Mr. Murphy came to Trenton with few allies, but has racked up a remarkable share of victories.
During his first term, New Jersey lawmakers raised taxes on incomes above $1 million, passed a $15 minimum wage, legalized marijuana, strengthened gun control laws , they blocked paid sick leave for workers and reduced the long-ignored pension debt by billions of dollars. leading to several improvements in the state’s credit ratings.
But after being re-elected in 2021 by a narrower-than-expected margin, Mr. Murphy has made an overt effort to appeal more to moderate voters, leaving part of his left-wing base frustrated by what they see as a lack of urgency to finish. up strong
Michael Feldman, a communications consultant and friend of Mr. Murphy, said none of the governor’s political victories had been “one-sided.”
“His ambition now is to try to help advance the agenda that he’s pursuing in New Jersey, to help advance some of these issues nationally,” said Feldman, who was a senior adviser to former Vice President Al Gore.

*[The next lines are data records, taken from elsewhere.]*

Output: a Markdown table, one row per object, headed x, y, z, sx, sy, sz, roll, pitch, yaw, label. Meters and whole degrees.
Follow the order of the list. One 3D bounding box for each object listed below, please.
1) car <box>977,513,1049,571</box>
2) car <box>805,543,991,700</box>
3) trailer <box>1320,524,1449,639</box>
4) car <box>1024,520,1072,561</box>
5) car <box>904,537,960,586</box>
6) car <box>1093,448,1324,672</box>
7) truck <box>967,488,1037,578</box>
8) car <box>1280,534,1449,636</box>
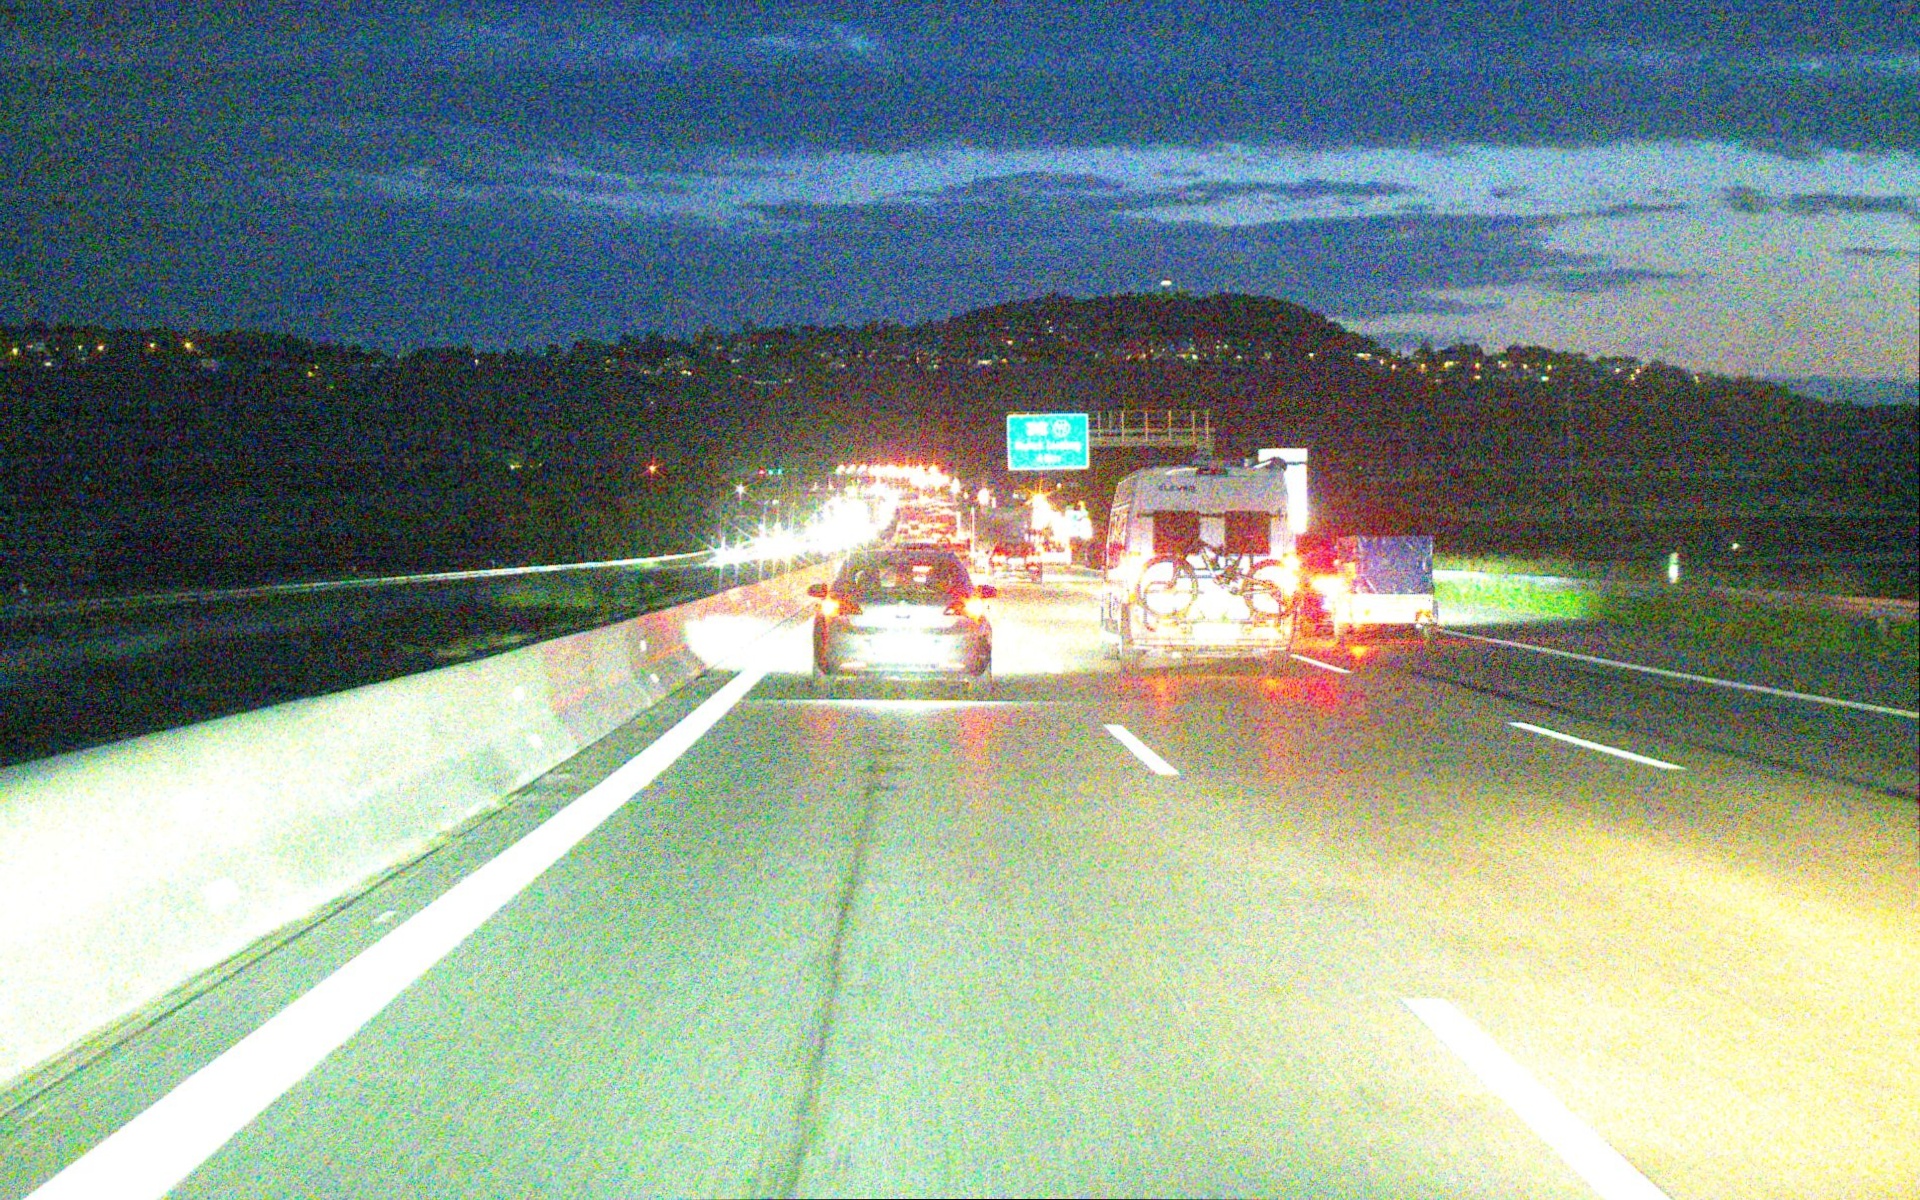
| x | y | z | sx | sy | sz | roll | pitch | yaw | label |
| --- | --- | --- | --- | --- | --- | --- | --- | --- | --- |
| 1.819 | -2.017 | 118.791 | 2.351 | 1.907 | 4.723 | -1 | 1 | 0 | car |
| -0.608 | 0.178 | 35.131 | 1.793 | 1.464 | 3.773 | 0 | 2 | 0 | car |
| 6.453 | -0.303 | 52.416 | 1.566 | 1.687 | 2.821 | -1 | 1 | -1 | trailer |
| 4.659 | -3.149 | 182.087 | 2.351 | 2.068 | 4.723 | -1 | 2 | 0 | car |
| -0.890 | -1.241 | 109.532 | 1.744 | 1.435 | 4.368 | -1 | 2 | 0 | car |
| 2.956 | -0.537 | 42.209 | 2.351 | 2.526 | 5.701 | -1 | 2 | 0 | car |
| 1.880 | -3.055 | 157.094 | 2.781 | 3.942 | 7.994 | -1 | 1 | -2 | truck |
| 6.543 | -0.279 | 56.074 | 2.163 | 1.558 | 4.723 | 0 | 1 | 0 | car |
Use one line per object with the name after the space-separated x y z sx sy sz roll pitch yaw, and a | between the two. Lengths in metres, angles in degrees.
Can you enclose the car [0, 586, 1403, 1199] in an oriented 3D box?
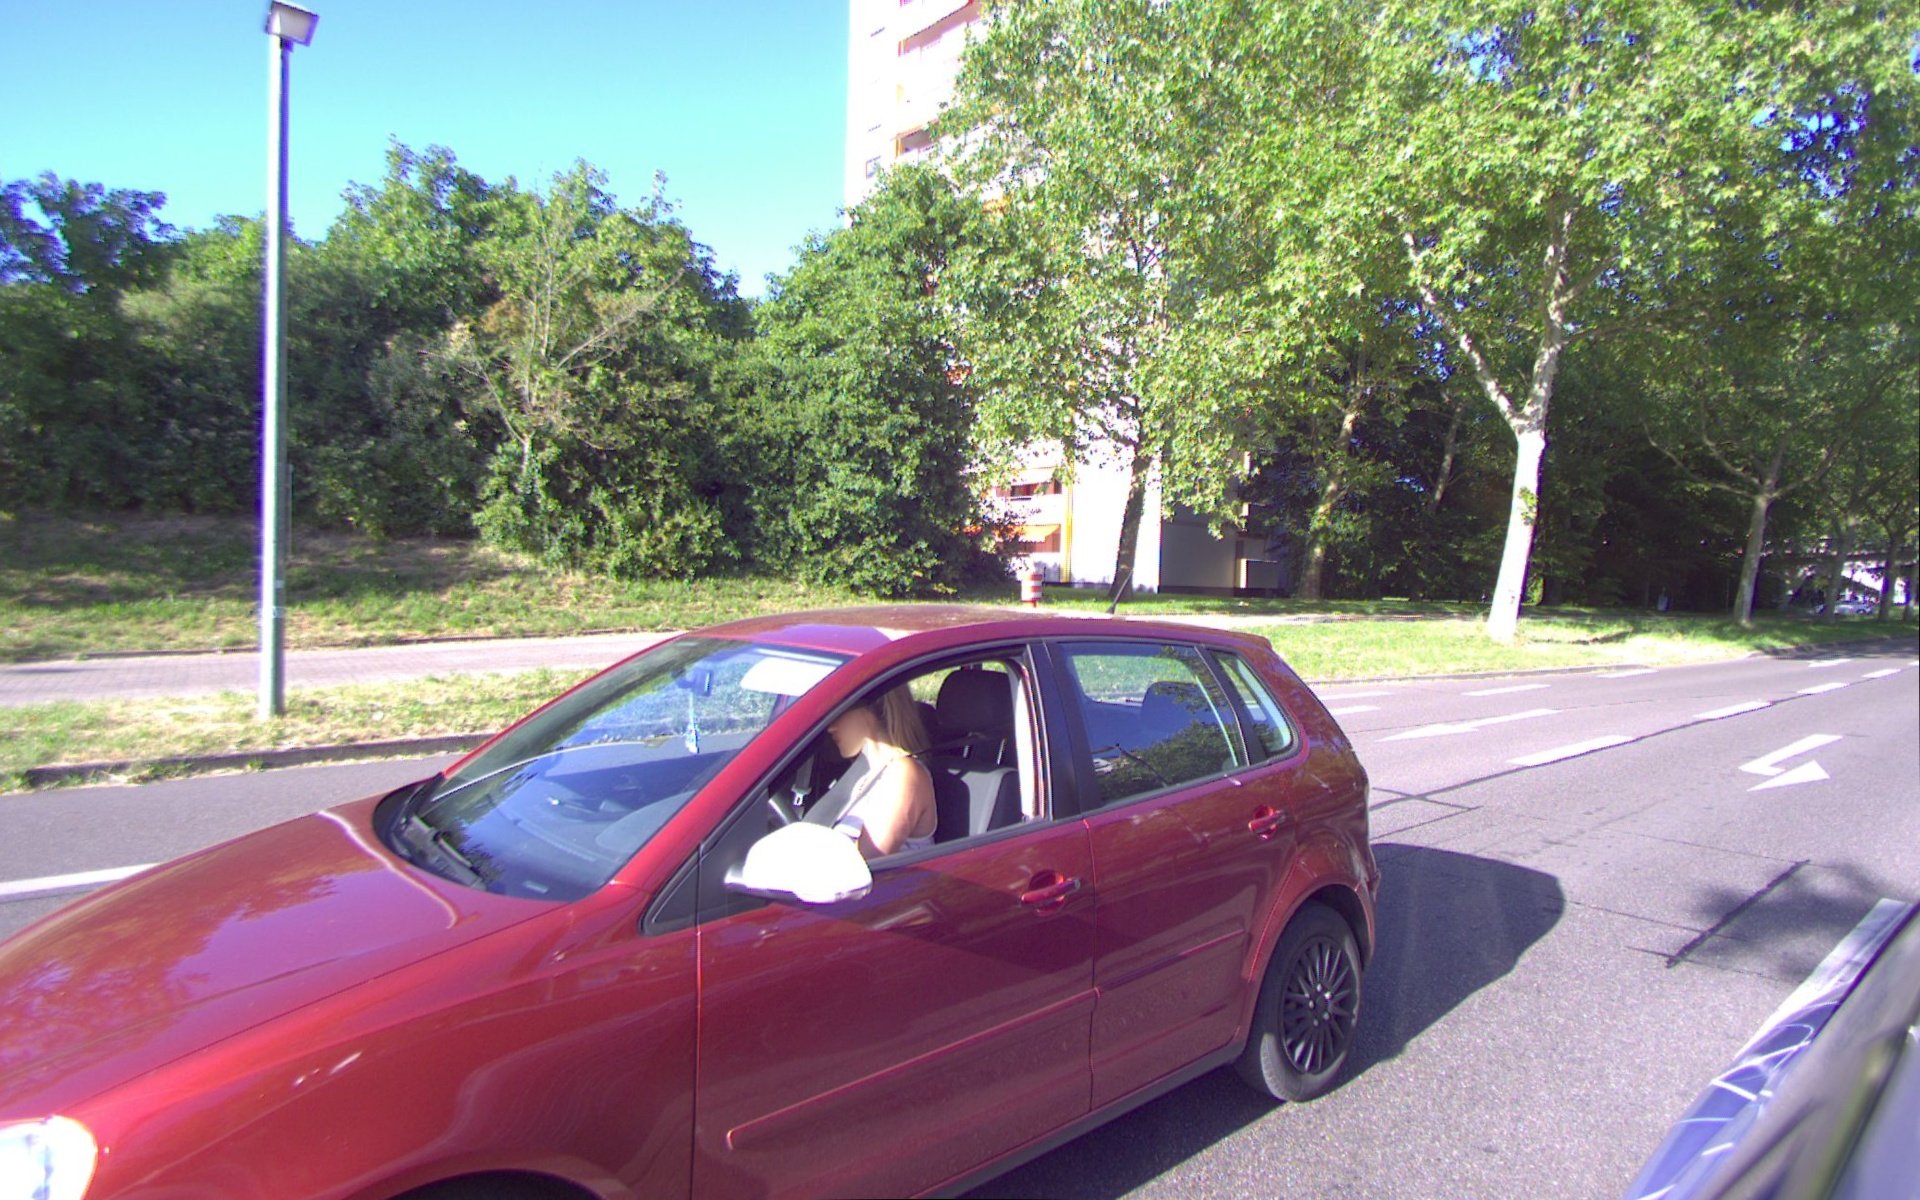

“I don’t know what the job is or will be, but there are a lot of places where someone with his experience could be useful to do some of these things.”
New Jersey governors cannot serve more than two consecutive terms. And over the past year, observers wondering about the next move of Mr. Murphy has taken note of his suddenly youthful hairstyle, new glasses and changing rhetoric.
The governor who once suggested New Jersey was not best for residents or businesses primarily concerned with low taxes is now being described as a “cold-blooded capitalist.” His budget speech concluded with an ode to the value of hard work. And his State of the State emphasized the importance of bipartisanship, buried in a humble presumption by his friendship with Utah’s Republican governor, the vice chairman of the National Governors Association, which now runs Mr. Murphy.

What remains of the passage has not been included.